The presence of CLD is significantly related to adverse clinical outcomes among COVID-19 patients in terms of severity and mortality. Clinicians should develop a comprehensive intervention plan to manage these high-risk patients and reduce COVID-19-related deaths.
COVID-19 患者的现有合并症是发生重症和死亡的危险因素。我们旨在确定慢性肝病(CLD)这一合并症与 COVID-19 患者疾病严重程度和死亡的关系。

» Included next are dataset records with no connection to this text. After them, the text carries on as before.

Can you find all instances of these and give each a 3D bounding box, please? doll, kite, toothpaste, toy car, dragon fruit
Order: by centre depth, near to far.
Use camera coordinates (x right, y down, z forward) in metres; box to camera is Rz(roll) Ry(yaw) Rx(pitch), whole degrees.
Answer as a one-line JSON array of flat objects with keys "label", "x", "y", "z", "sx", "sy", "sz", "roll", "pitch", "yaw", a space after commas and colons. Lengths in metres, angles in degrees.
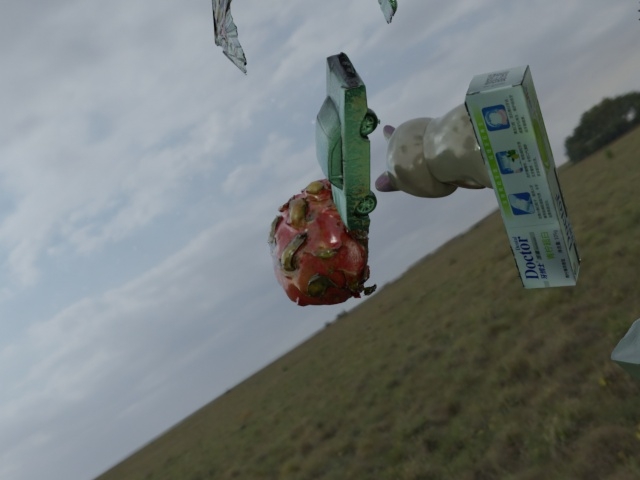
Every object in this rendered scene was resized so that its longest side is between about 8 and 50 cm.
[{"label": "toothpaste", "x": 0.291, "y": -0.080, "z": 1.142, "sx": 0.081, "sy": 0.336, "sz": 0.067, "roll": -6, "pitch": 34, "yaw": 30}, {"label": "toy car", "x": 0.044, "y": -0.175, "z": 1.488, "sx": 0.097, "sy": 0.141, "sz": 0.320, "roll": -11, "pitch": -50, "yaw": -10}, {"label": "kite", "x": -0.194, "y": -0.467, "z": 1.648, "sx": 0.013, "sy": 0.322, "sz": 0.268, "roll": -13, "pitch": -13, "yaw": -18}, {"label": "dragon fruit", "x": 0.000, "y": 0.000, "z": 1.875, "sx": 0.250, "sy": 0.291, "sz": 0.269, "roll": 1, "pitch": 17, "yaw": -2}, {"label": "doll", "x": 0.318, "y": -0.211, "z": 1.882, "sx": 0.226, "sy": 0.214, "sz": 0.370, "roll": 20, "pitch": -21, "yaw": -34}]

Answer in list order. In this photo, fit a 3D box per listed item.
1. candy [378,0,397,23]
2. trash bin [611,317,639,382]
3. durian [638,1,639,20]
[{"label": "candy", "x": 0.062, "y": -0.624, "z": 1.608, "sx": 0.172, "sy": 0.397, "sz": 0.263, "roll": -20, "pitch": 6, "yaw": 17}, {"label": "trash bin", "x": 0.909, "y": 0.338, "z": 1.947, "sx": 0.158, "sy": 0.343, "sz": 0.223, "roll": -51, "pitch": -2, "yaw": -5}, {"label": "durian", "x": 0.655, "y": -0.406, "z": 1.402, "sx": 0.166, "sy": 0.306, "sz": 0.172, "roll": -13, "pitch": 54, "yaw": 52}]

我们在数据库中检索了从大流行开始到 2022 年 2 月期间报告 CLD 和非 CLD 患者 COVID-19 结局的研究,包括 Medline、EMBASE、ScienceDirect、Google Scholar 和 Cochrane Library。使用纽卡斯尔-渥太华量表(Newcastle-Ottawa Scale)评估非随机研究在荟萃分析中的质量。我们采用随机效应模型进行荟萃分析,并报告合并优势比(OR)及其 95%置信区间(CI)。
我们纳入了 40 项研究,共 908032 名参与者。大多数研究在中国和美国进行。与无 CLD 的 COVID-19 患者相比,CLD 患者 COVID-19 严重程度(合并 OR = 2.44;95% CI,1.89-3.16)和死亡(合并 OR = 2.35;95% CI,1.85-3.00)的可能性显著更高。
CLD 的存在与 COVID-19 患者的临床不良结局显著相关,包括严重程度和死亡率。临床医生应制定全面的干预计划,以管理这些高危患者并降低 COVID-19 相关死亡。